╭─ INPUT RECORDS

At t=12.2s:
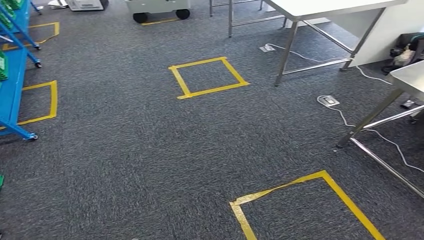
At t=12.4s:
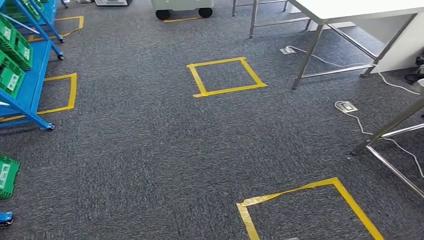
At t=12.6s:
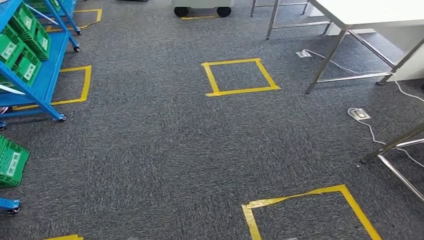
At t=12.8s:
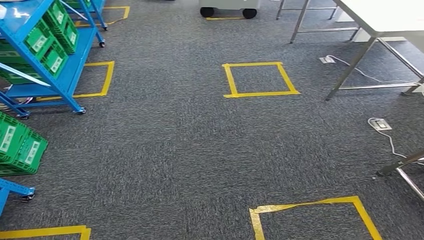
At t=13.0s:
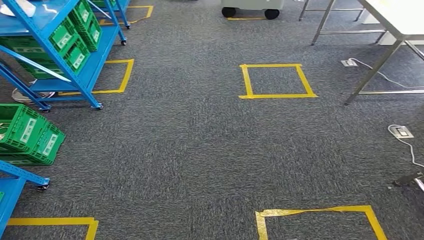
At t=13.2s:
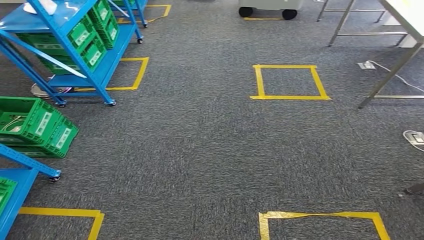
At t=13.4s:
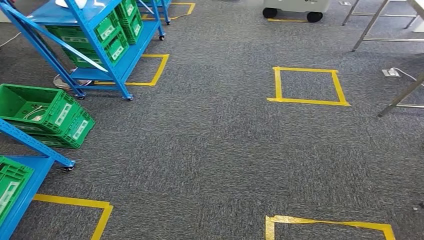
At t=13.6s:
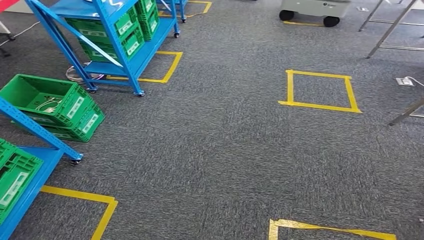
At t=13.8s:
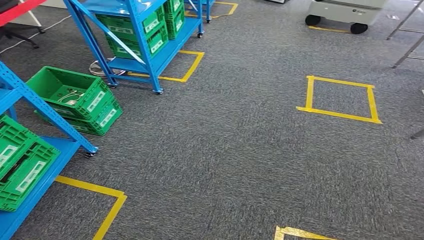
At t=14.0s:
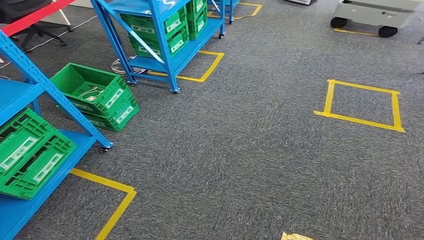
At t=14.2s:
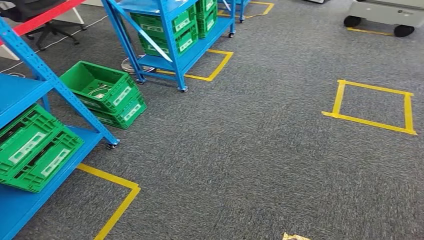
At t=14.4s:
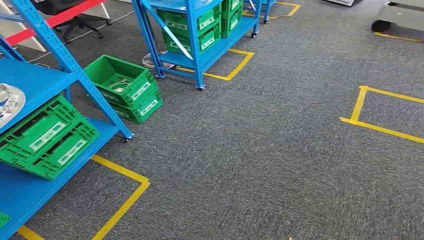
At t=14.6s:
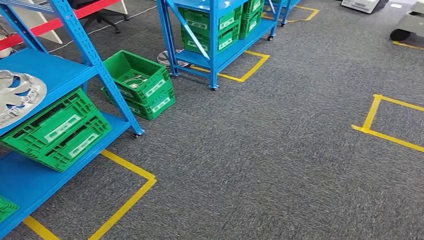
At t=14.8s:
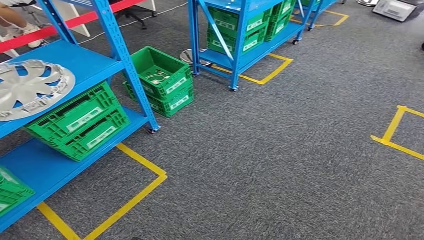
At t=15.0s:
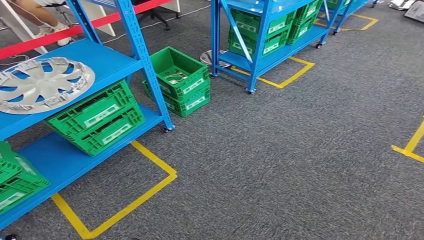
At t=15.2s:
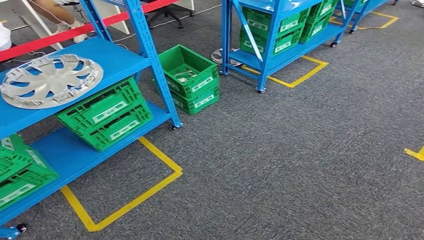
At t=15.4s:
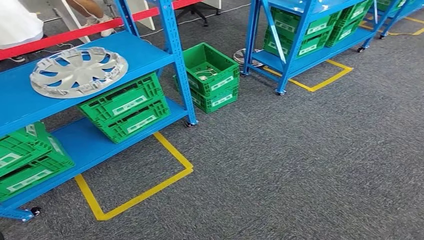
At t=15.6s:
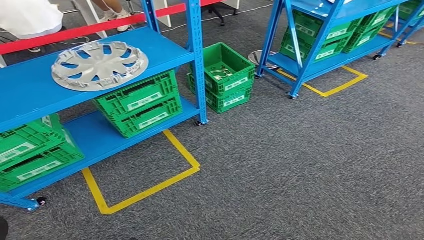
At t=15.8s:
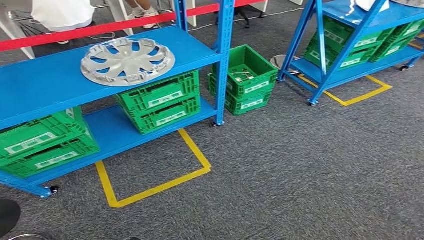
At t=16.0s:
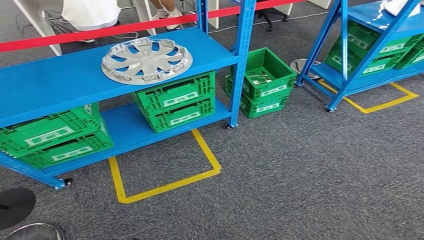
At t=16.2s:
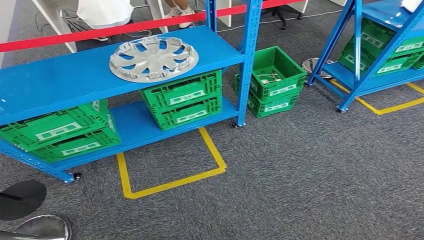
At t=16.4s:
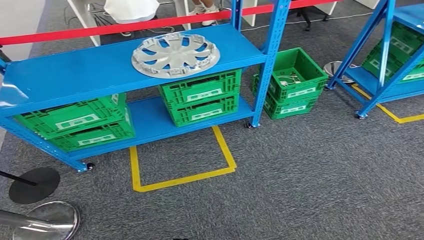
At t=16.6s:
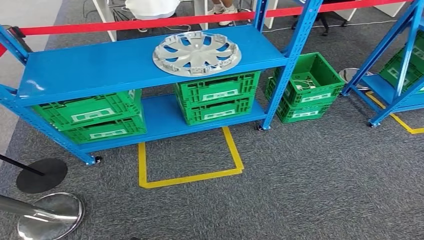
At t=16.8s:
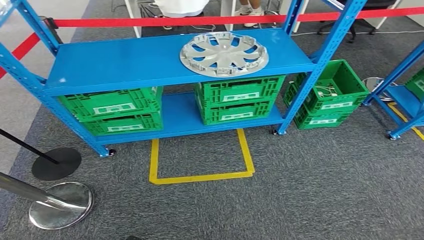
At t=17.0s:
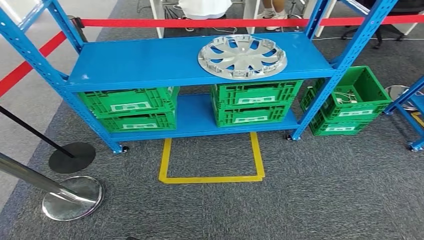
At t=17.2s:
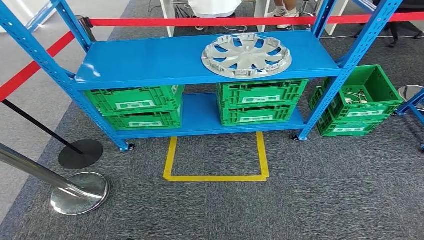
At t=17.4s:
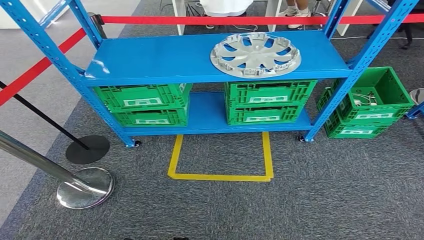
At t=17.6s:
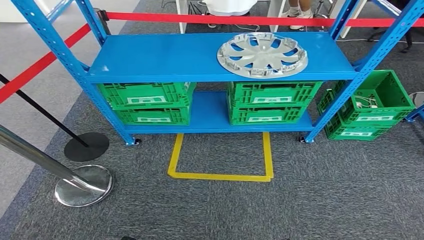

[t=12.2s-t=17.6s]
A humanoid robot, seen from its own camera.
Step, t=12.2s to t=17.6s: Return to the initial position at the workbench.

╰─

**WORK INSTRUCTIONS**
Full copy, no pictures: write out each line of the data exactly as it stands.

**RESULT OF THE EXERCISE**
At t=12.2s:
At t=12.4s:
At t=12.6s:
At t=12.8s:
At t=13.0s:
At t=13.2s:
At t=13.4s:
At t=13.6s:
At t=13.8s:
At t=14.0s:
At t=14.2s:
At t=14.4s:
At t=14.6s:
At t=14.8s:
At t=15.0s:
At t=15.2s:
At t=15.4s:
At t=15.6s:
At t=15.8s:
At t=16.0s:
At t=16.2s:
At t=16.4s:
At t=16.6s:
At t=16.8s:
At t=17.0s:
At t=17.2s:
At t=17.4s:
At t=17.6s:

[t=12.2s-t=17.6s]
A humanoid robot, seen from its own camera.
Step, t=12.2s to t=17.6s: Return to the initial position at the workbench.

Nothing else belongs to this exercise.